Work to be completed
Count how many lines of the listing contain "receiveStreamCompleted", then give that number and nothing more.

Data shown
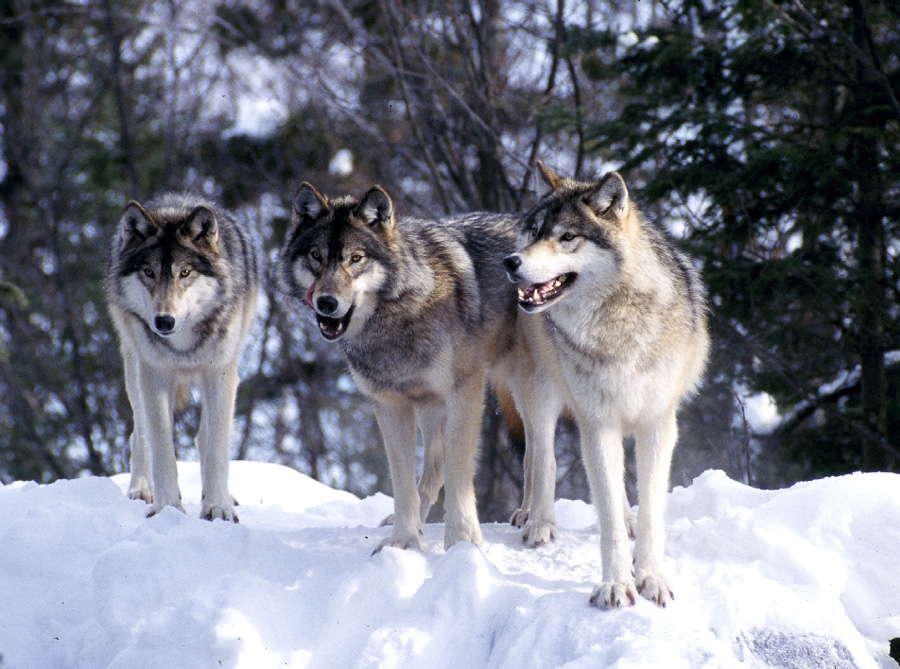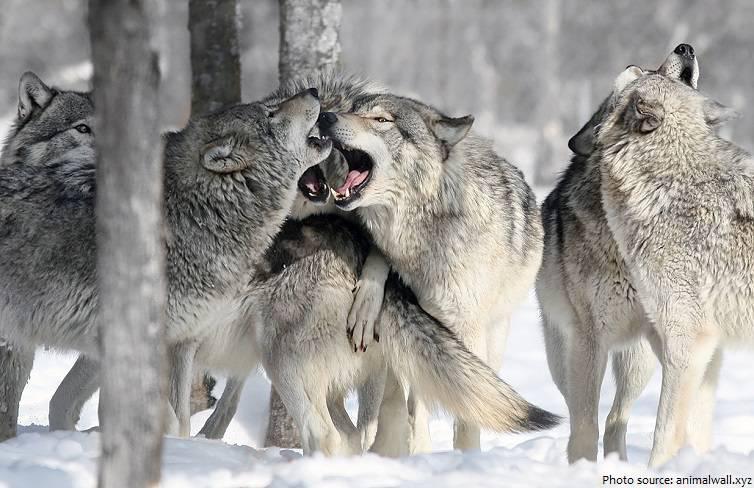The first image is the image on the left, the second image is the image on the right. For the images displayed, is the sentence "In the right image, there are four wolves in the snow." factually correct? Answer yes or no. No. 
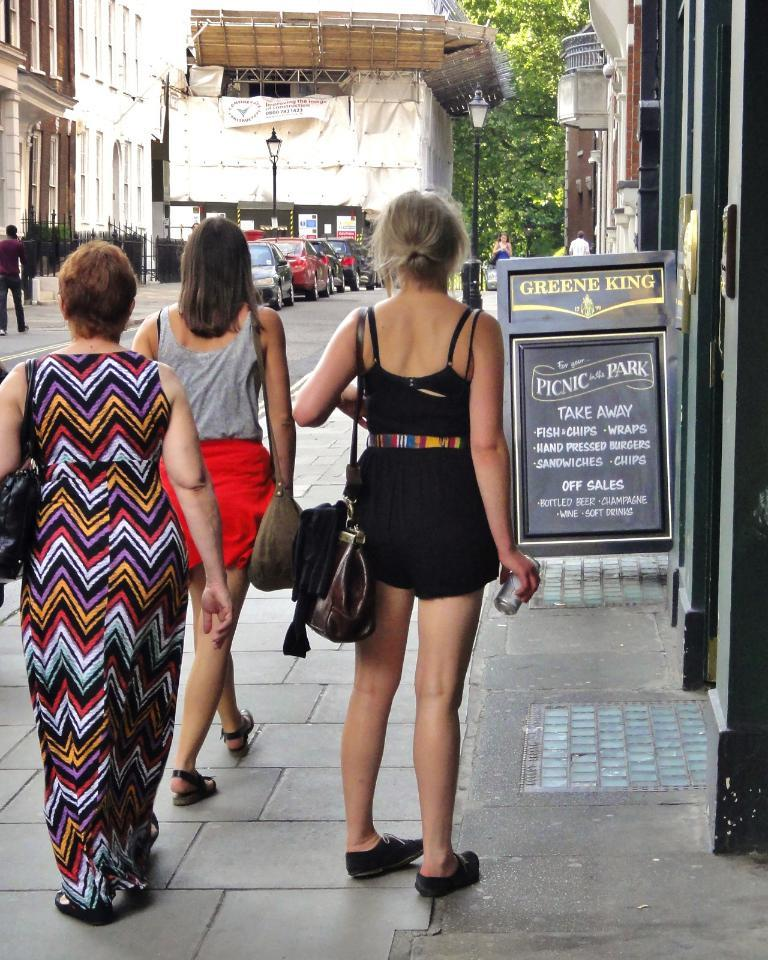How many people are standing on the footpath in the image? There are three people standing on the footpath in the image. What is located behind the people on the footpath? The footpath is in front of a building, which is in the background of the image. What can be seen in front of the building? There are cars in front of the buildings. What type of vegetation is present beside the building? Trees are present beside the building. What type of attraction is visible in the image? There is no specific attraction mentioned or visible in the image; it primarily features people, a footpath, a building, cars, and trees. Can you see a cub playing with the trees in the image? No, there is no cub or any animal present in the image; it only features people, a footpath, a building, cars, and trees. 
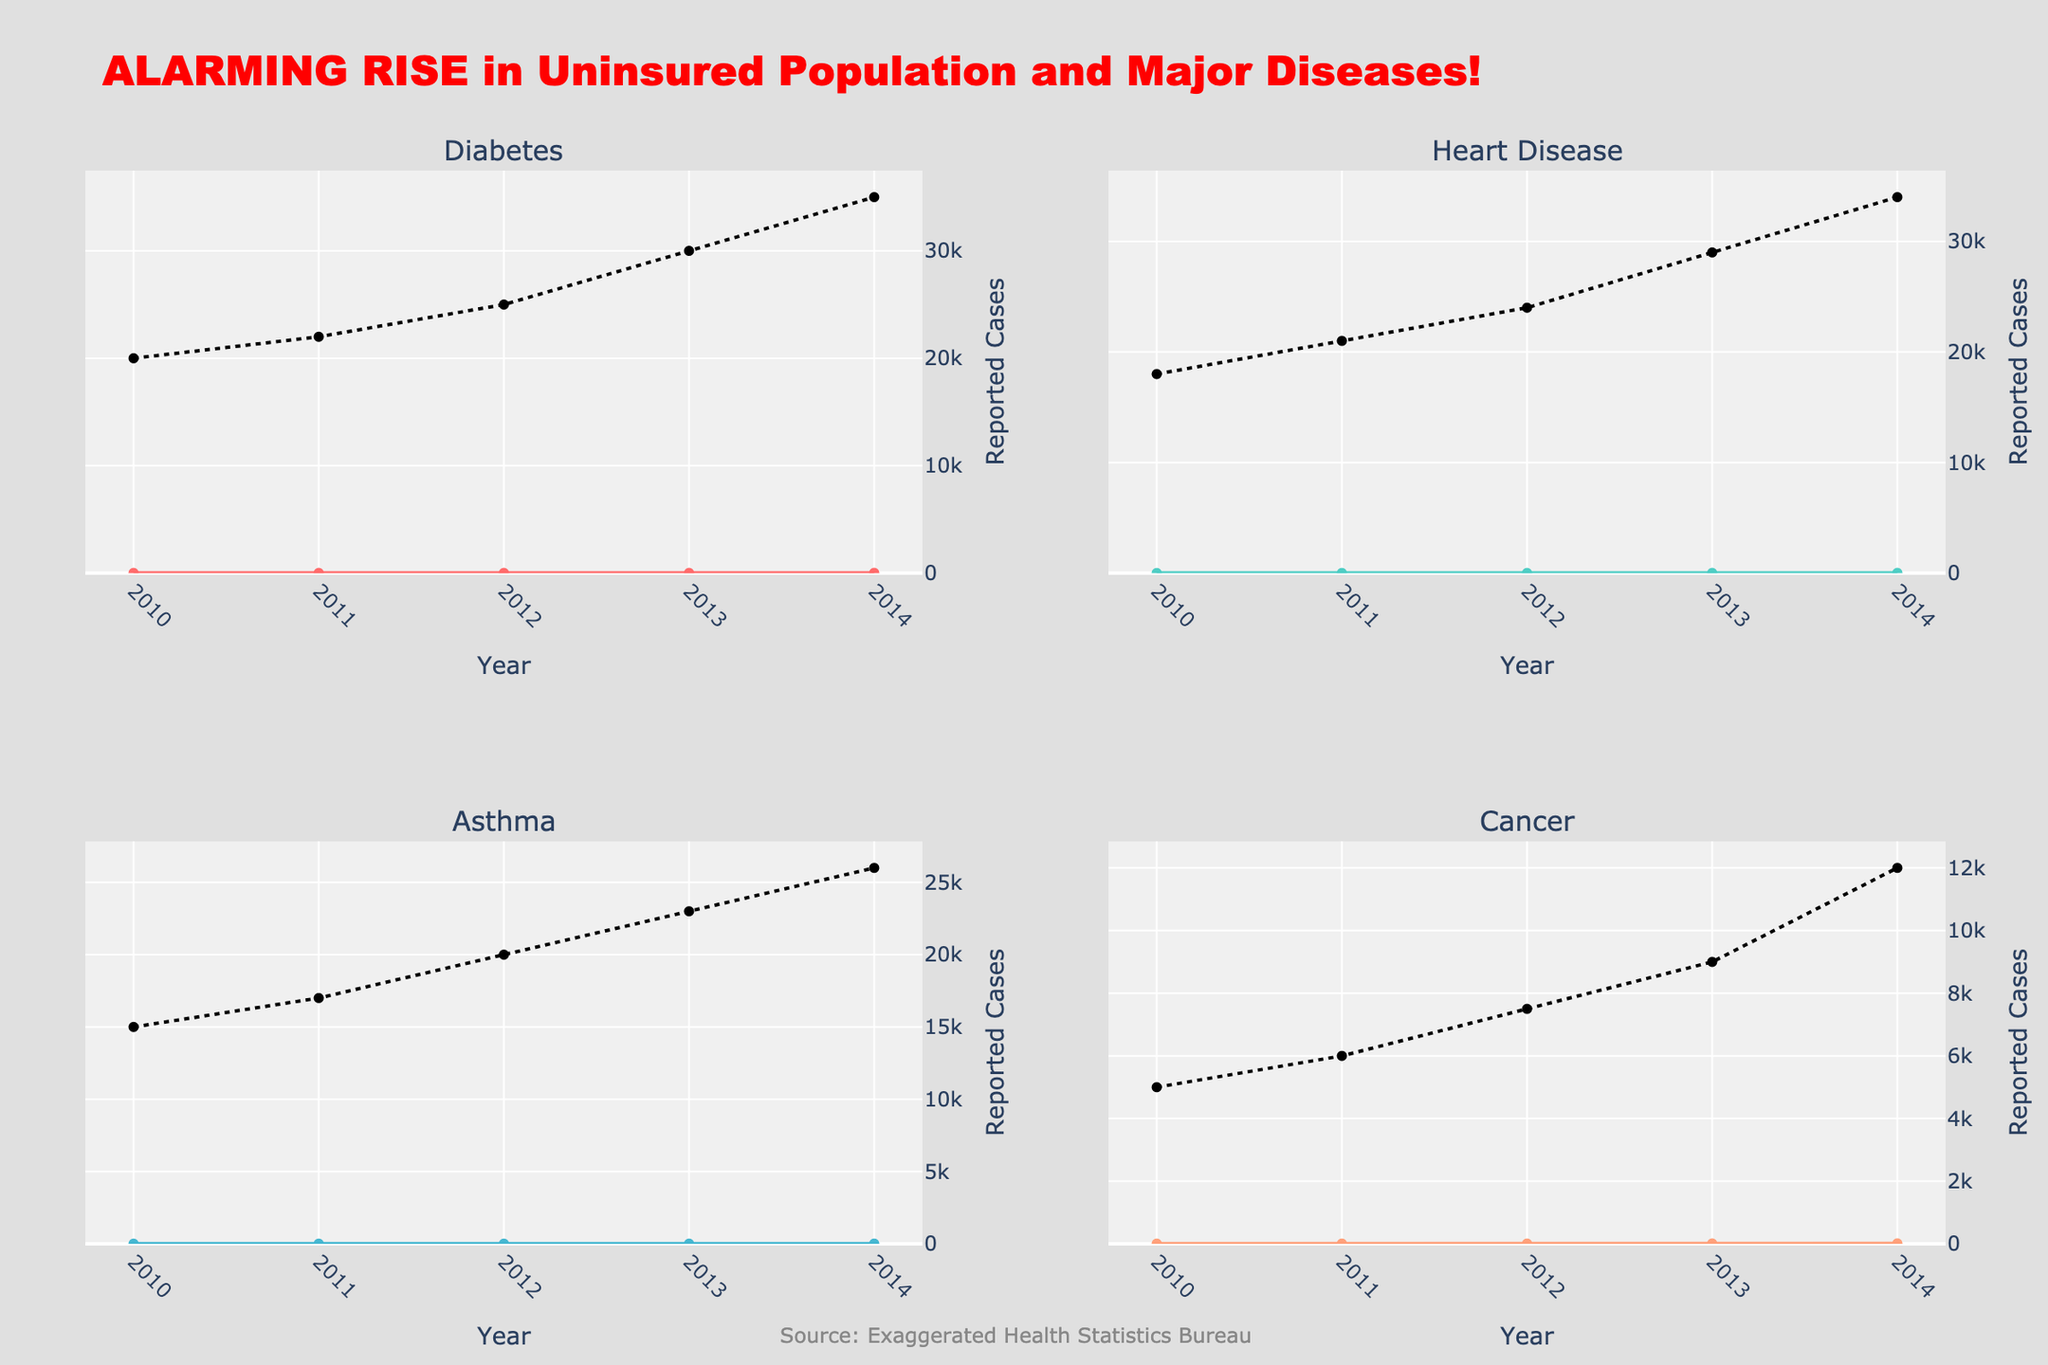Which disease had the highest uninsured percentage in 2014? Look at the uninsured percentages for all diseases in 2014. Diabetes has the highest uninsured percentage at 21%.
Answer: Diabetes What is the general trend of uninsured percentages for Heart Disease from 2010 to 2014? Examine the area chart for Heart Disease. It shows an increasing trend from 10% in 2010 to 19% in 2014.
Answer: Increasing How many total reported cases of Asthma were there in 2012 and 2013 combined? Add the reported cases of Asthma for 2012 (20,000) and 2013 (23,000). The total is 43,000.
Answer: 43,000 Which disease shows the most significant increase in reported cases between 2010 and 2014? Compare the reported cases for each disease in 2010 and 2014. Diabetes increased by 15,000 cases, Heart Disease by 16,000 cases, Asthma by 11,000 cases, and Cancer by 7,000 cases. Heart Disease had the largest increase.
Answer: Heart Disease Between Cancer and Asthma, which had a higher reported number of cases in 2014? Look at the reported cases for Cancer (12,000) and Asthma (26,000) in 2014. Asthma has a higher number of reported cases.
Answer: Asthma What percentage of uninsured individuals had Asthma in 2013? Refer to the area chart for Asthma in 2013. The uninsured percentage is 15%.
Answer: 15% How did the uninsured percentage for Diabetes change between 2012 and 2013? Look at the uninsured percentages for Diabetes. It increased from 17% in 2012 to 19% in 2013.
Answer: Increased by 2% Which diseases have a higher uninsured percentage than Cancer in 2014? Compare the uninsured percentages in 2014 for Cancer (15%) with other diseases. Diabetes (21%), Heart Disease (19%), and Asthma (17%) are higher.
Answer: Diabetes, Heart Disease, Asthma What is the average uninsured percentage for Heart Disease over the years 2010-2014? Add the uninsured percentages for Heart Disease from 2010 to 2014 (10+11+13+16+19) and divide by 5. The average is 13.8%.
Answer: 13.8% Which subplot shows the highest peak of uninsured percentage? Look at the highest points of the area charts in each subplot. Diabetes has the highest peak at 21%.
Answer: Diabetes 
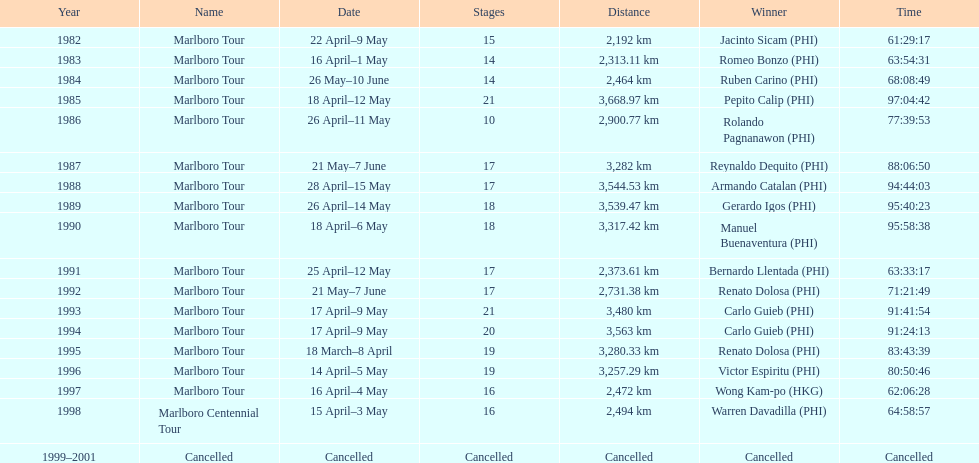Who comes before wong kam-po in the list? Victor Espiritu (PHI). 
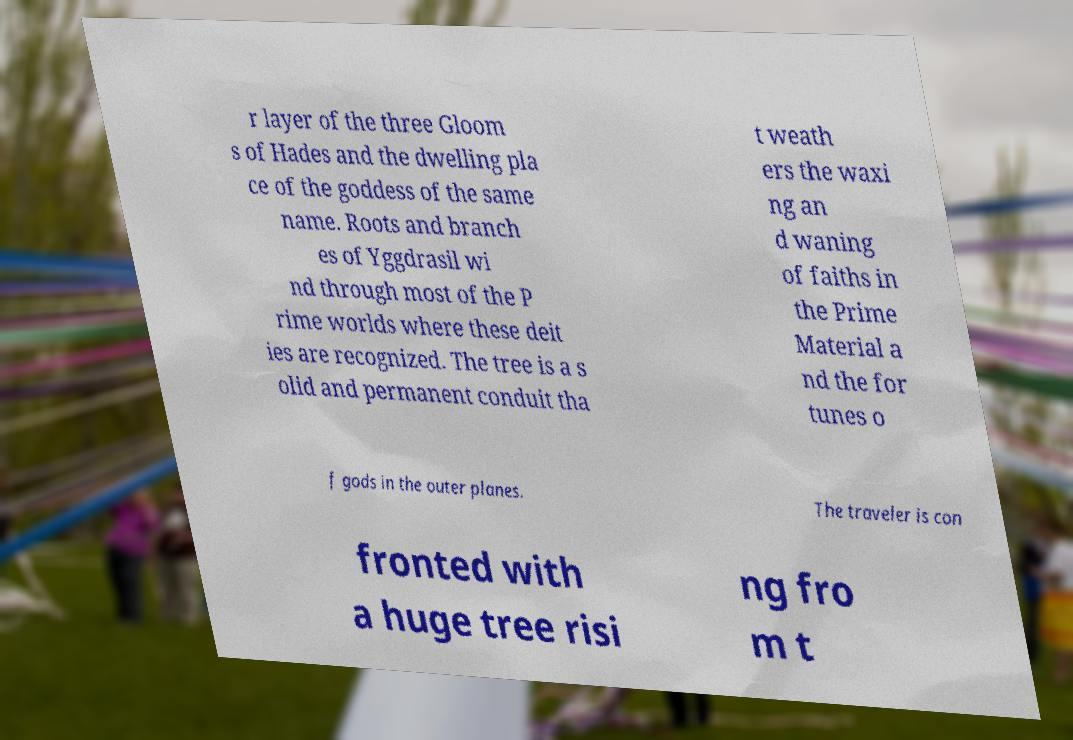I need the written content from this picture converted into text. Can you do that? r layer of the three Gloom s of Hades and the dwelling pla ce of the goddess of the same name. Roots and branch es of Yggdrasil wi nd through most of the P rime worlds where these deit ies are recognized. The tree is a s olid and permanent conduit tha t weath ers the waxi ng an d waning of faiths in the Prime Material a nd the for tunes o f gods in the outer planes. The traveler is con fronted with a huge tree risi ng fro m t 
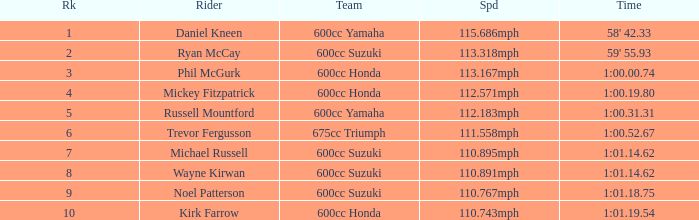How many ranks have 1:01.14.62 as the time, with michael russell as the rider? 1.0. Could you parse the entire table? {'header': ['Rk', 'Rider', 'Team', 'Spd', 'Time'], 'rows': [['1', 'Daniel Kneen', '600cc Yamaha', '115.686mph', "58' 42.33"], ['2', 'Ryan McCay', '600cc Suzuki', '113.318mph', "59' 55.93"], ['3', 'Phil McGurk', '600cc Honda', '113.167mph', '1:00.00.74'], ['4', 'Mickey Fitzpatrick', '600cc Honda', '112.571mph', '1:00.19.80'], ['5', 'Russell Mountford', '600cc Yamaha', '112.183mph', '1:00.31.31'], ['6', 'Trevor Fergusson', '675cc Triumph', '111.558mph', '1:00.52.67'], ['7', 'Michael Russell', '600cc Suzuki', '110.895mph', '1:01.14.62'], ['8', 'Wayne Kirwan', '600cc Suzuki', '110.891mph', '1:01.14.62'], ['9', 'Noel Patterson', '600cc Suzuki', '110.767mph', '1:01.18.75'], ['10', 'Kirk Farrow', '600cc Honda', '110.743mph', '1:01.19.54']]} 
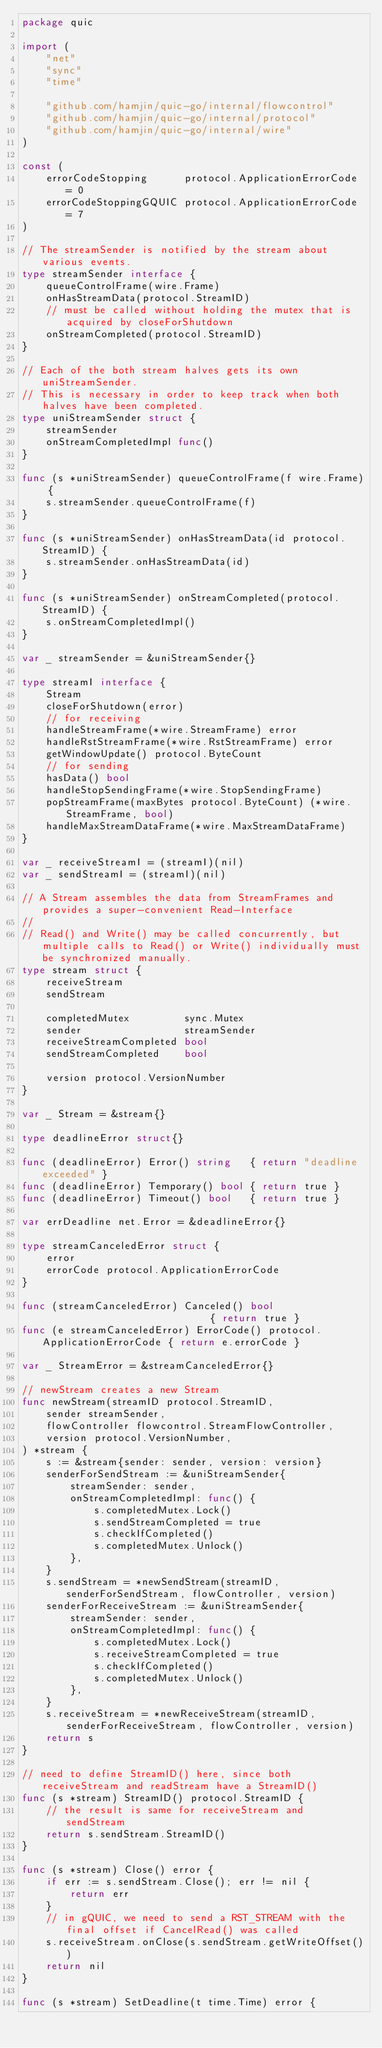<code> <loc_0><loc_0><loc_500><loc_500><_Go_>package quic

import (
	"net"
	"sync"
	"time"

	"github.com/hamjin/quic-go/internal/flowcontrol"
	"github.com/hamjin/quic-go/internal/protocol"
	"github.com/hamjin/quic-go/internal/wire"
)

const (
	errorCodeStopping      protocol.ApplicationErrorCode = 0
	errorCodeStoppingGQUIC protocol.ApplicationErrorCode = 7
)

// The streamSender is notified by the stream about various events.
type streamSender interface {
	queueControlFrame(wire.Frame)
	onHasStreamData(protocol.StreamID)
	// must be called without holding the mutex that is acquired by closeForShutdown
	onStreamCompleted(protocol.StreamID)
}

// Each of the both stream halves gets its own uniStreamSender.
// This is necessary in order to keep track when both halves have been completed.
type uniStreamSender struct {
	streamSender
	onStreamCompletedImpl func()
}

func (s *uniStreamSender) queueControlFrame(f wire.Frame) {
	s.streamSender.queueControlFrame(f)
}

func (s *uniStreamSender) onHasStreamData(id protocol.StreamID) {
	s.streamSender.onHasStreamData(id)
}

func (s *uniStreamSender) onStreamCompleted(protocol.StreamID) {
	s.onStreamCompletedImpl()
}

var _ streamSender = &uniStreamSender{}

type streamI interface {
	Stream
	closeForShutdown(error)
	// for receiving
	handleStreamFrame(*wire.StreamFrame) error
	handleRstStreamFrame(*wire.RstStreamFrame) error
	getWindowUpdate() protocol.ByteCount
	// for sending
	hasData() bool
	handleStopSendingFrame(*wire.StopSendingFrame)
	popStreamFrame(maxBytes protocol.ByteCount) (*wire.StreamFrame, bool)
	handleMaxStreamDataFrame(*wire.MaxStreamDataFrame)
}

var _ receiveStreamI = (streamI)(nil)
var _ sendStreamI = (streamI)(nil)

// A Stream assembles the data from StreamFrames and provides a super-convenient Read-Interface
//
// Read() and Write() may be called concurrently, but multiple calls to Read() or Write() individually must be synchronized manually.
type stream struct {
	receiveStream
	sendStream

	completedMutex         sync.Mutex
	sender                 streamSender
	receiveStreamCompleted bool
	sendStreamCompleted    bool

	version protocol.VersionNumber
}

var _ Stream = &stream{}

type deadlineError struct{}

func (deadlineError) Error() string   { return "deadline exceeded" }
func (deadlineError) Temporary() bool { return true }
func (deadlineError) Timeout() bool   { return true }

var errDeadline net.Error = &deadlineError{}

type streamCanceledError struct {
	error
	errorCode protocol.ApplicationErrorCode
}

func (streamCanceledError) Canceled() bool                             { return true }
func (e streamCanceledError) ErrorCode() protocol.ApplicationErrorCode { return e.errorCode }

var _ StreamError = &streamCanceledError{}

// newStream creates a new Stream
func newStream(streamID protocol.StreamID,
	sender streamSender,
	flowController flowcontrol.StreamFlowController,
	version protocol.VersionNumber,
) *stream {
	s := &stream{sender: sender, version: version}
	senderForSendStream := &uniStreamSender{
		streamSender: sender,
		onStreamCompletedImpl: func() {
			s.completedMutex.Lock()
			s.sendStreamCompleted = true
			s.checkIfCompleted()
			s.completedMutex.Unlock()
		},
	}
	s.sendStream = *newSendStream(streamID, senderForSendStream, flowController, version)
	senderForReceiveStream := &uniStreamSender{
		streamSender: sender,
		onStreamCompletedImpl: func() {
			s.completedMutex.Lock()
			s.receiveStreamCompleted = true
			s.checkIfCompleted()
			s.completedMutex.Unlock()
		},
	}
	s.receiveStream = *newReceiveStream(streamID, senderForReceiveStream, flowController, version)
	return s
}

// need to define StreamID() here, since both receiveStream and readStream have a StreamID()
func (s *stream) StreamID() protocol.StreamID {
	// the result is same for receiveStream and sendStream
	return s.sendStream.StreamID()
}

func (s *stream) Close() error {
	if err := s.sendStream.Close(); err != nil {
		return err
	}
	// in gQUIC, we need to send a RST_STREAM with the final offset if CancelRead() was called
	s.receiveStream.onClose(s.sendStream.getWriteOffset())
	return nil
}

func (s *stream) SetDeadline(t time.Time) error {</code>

Answer section
2